Our measurements showed 1.78V VPU voltage, but the combination at the input of the chip corresponded to 1.4V. It meant that there was another way for changing the VPU voltage, besides changing the bit combination on the input. I didn’t like the idea of cutting and soldering lines on the PCB and had to read the specifications of the FAN5240 to find another way. According to the specs, pins 17 and 18 of the chip (marked as VCore Output Sense) serve for voltage control as well as for protection and monitoring. The typical connection circuit from the manufacturer differed from what we saw on our graphics card: there was an R1597 resistor with a resistance of 1620Ohm between pins 17 and 18. In fact, pin 17 was connected to the common output. So, I decided to connect a trimming 22kOhm resistor in parallel to the R1597.
I soldered one wire from the trimming resistor to pin 18 of the FAN5240 chip, and the other wire to a small bond area next to and attached to the R1597 resistor.
We took our measurements from the point marked as VCore in the scheme.
Our idea was correct, as the Vcore was growing when we were reducing the resistance of the trimming resistor. We stopped on 1.9V, when the trimming resistor stayed at 4.8kOhm. As a result, we made the VPU work at 500MHz. The card was actually stable at 510-520MHz core frequency, but produced some visual artifacts in 3D, so we made it work at 500MHz in our performance tests.

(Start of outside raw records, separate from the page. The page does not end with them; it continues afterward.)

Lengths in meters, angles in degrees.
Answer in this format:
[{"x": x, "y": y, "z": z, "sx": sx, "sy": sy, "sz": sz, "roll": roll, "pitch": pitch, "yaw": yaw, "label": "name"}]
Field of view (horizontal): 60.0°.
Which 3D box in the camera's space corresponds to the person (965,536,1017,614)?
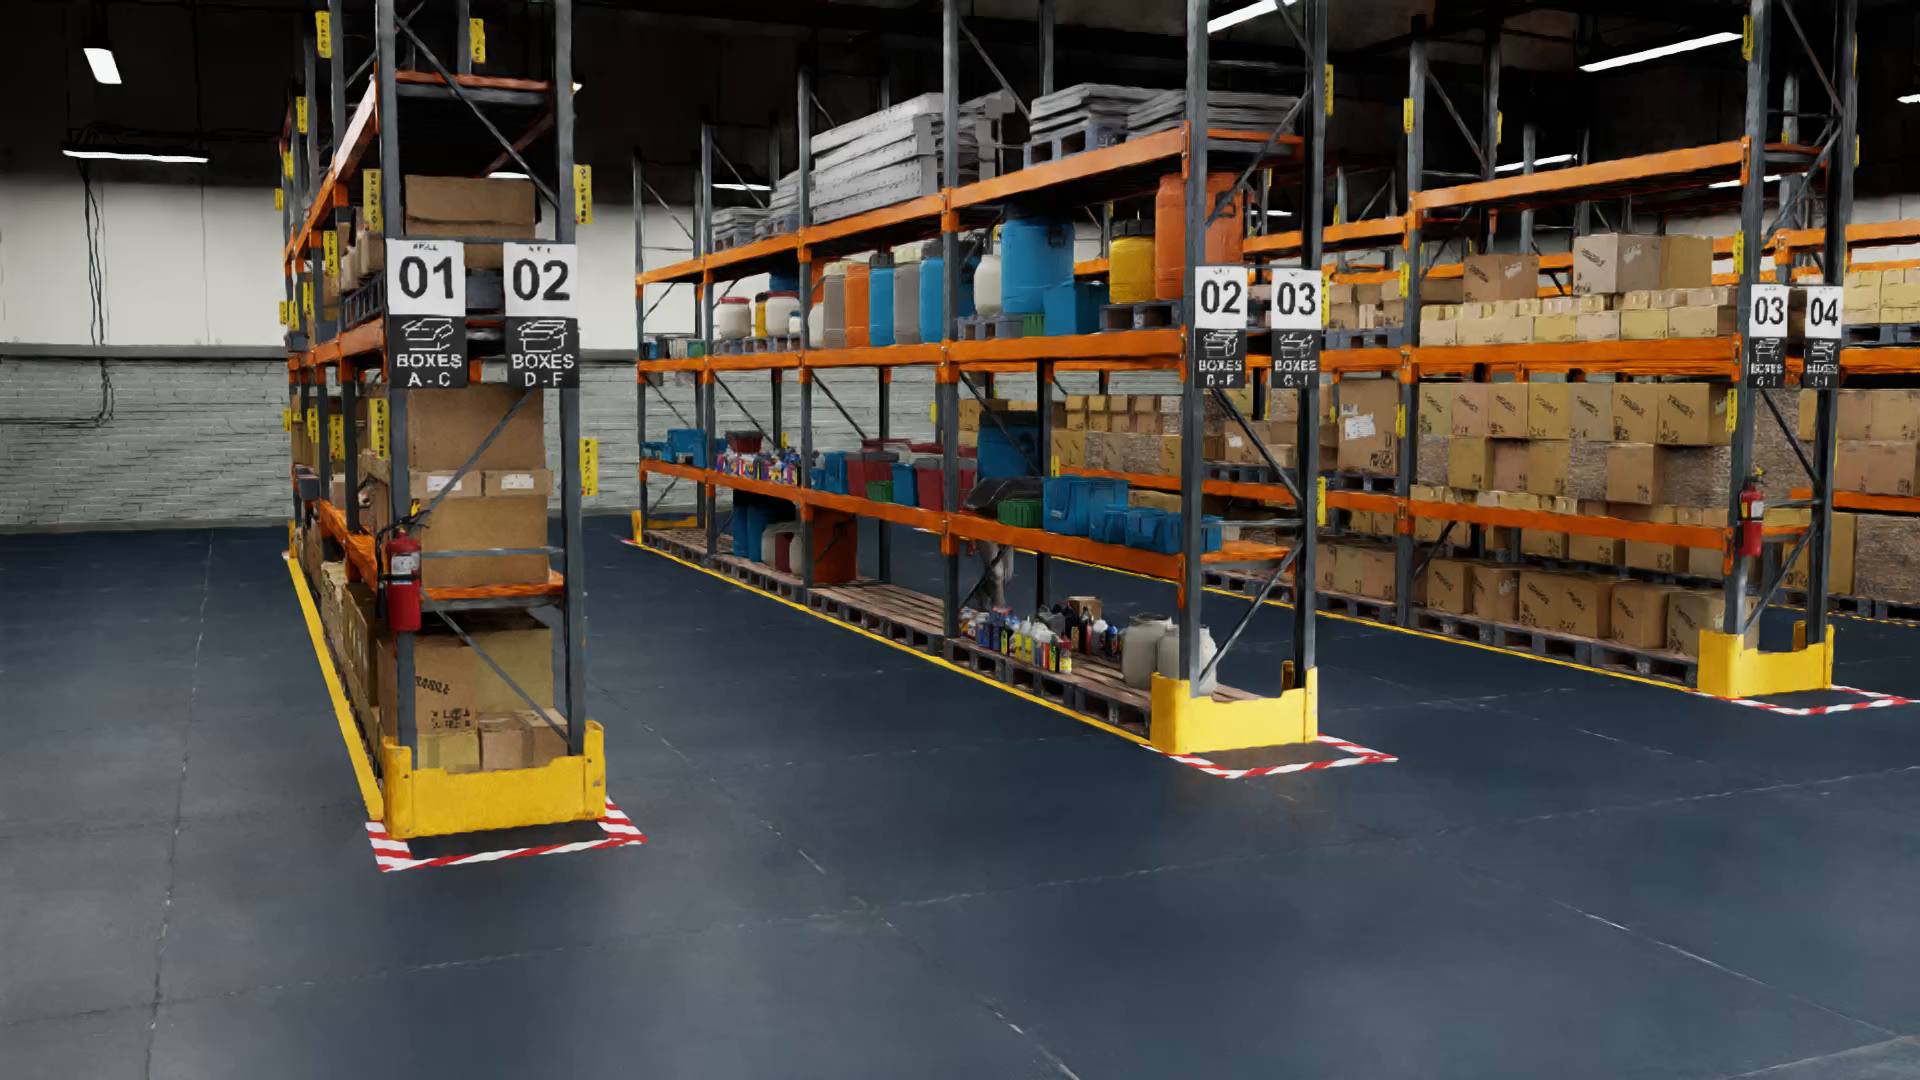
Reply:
[{"x": 0.346, "y": -0.034, "z": 17.007, "sx": 0.583, "sy": 1.759, "sz": 0.878, "roll": -4, "pitch": 7, "yaw": -38, "label": "person"}]
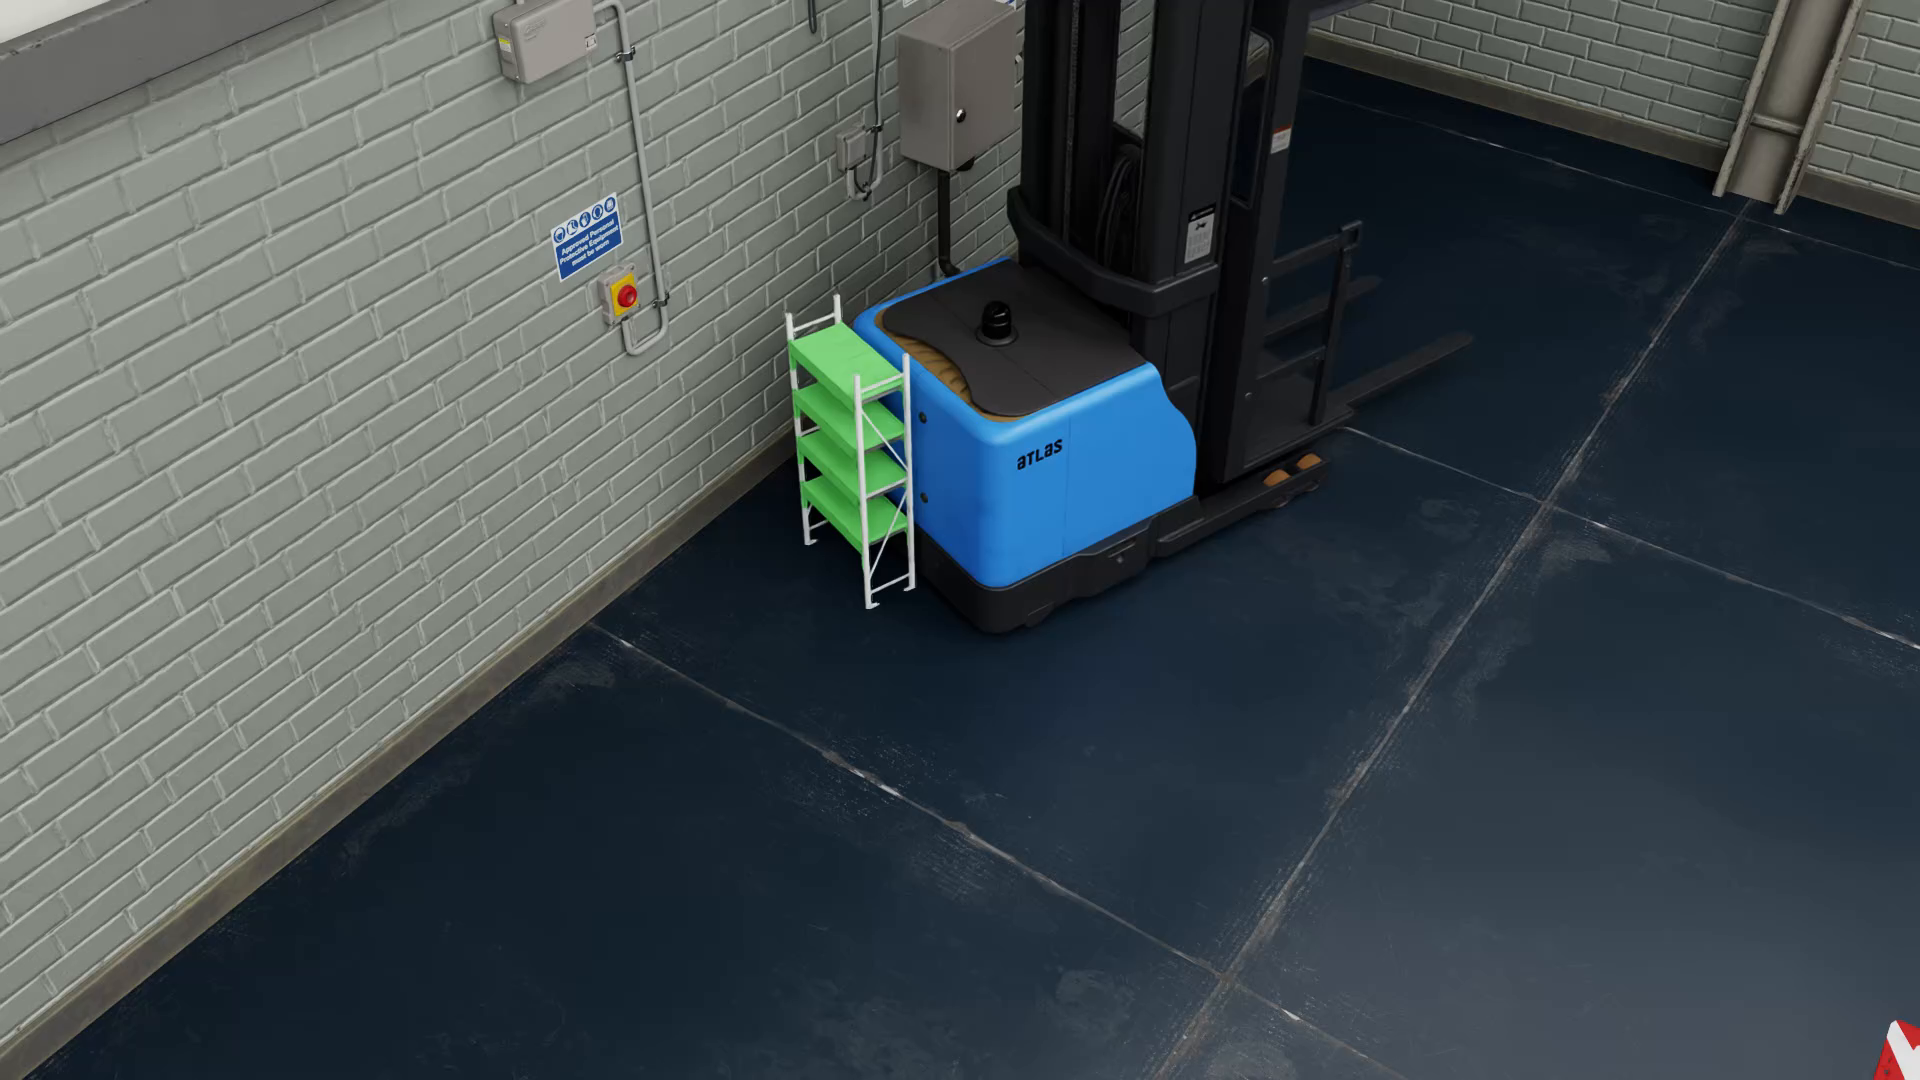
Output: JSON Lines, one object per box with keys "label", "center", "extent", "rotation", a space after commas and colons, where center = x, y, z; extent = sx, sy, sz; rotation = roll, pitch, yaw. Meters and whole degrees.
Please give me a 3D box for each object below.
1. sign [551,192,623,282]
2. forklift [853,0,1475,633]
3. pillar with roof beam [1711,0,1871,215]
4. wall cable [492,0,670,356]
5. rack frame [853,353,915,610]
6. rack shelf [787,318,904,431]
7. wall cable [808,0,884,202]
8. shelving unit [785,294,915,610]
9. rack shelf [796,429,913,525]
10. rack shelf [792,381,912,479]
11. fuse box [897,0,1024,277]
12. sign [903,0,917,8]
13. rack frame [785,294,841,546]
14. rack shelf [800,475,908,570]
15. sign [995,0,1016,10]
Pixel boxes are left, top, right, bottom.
{"label": "sign", "center": [-1.348, -1.098, 6.025], "extent": [0.001, 0.218, 0.327], "rotation": [25, 48, 25]}
{"label": "forklift", "center": [1.054, -1.501, 6.730], "extent": [3.031, 2.935, 1.130], "rotation": [-25, 48, -25]}
{"label": "pillar with roof beam", "center": [2.045, -2.975, 3.827], "extent": [0.400, 9.000, 9.100], "rotation": [25, 48, 25]}
{"label": "wall cable", "center": [-1.270, -1.391, 5.769], "extent": [0.123, 1.953, 0.585], "rotation": [25, 48, 25]}
{"label": "rack frame", "center": [-0.292, -0.204, 6.578], "extent": [0.240, 1.200, 0.015], "rotation": [-25, 48, -25]}
{"label": "rack shelf", "center": [-0.433, -0.647, 6.449], "extent": [0.258, 0.148, 0.480], "rotation": [-25, 48, -25]}
{"label": "wall cable", "center": [-0.465, -2.158, 6.650], "extent": [0.122, 1.984, 0.588], "rotation": [25, 48, 25]}
{"label": "shelving unit", "center": [-0.432, -0.337, 6.727], "extent": [0.258, 1.200, 0.503], "rotation": [-25, 48, -25]}
{"label": "rack shelf", "center": [-0.432, -0.290, 6.770], "extent": [0.258, 0.148, 0.480], "rotation": [-25, 48, -25]}
{"label": "rack shelf", "center": [-0.433, -0.468, 6.609], "extent": [0.258, 0.148, 0.480], "rotation": [-25, 48, -25]}
{"label": "fuse box", "center": [0.056, -1.611, 7.767], "extent": [0.414, 1.711, 0.539], "rotation": [25, 48, 25]}
{"label": "sign", "center": [-0.146, -2.448, 7.117], "extent": [0.001, 0.242, 0.339], "rotation": [25, 48, 25]}
{"label": "rack frame", "center": [-0.573, -0.470, 6.875], "extent": [0.240, 1.200, 0.015], "rotation": [-25, 48, -25]}
{"label": "rack shelf", "center": [-0.432, -0.111, 6.930], "extent": [0.258, 0.148, 0.480], "rotation": [-25, 48, -25]}
{"label": "sign", "center": [0.170, -2.405, 7.759], "extent": [0.001, 0.494, 0.329], "rotation": [25, 48, 25]}

An additional 120mm 9W fan was installed to blow at the butt-end of the graphics card. It pushed air along the entire PCB and cooled down the graphics chip and memory chips similarly. This solved the problem of heat dissipation, although I can’t say the card was cool. An external thermal sensor reading data from the aluminum sole of the graphics chip cooler showed 55-60°C under workload and 46-47°C in the idle mode. For example, the same temperatures before the volt-modding were 46°C and 40-41°C, respectively. The difference is quite perceptible, considering that our sensor was external and the real graphics core temperature was even higher. Here is my advice: don’t save on cooling when you are overclocking your graphics card. I think a water cooling solution might help. A solution like that is noiseless, while our graphics card was not: you wouldn’t work in such a noise, if you are not completely deaf.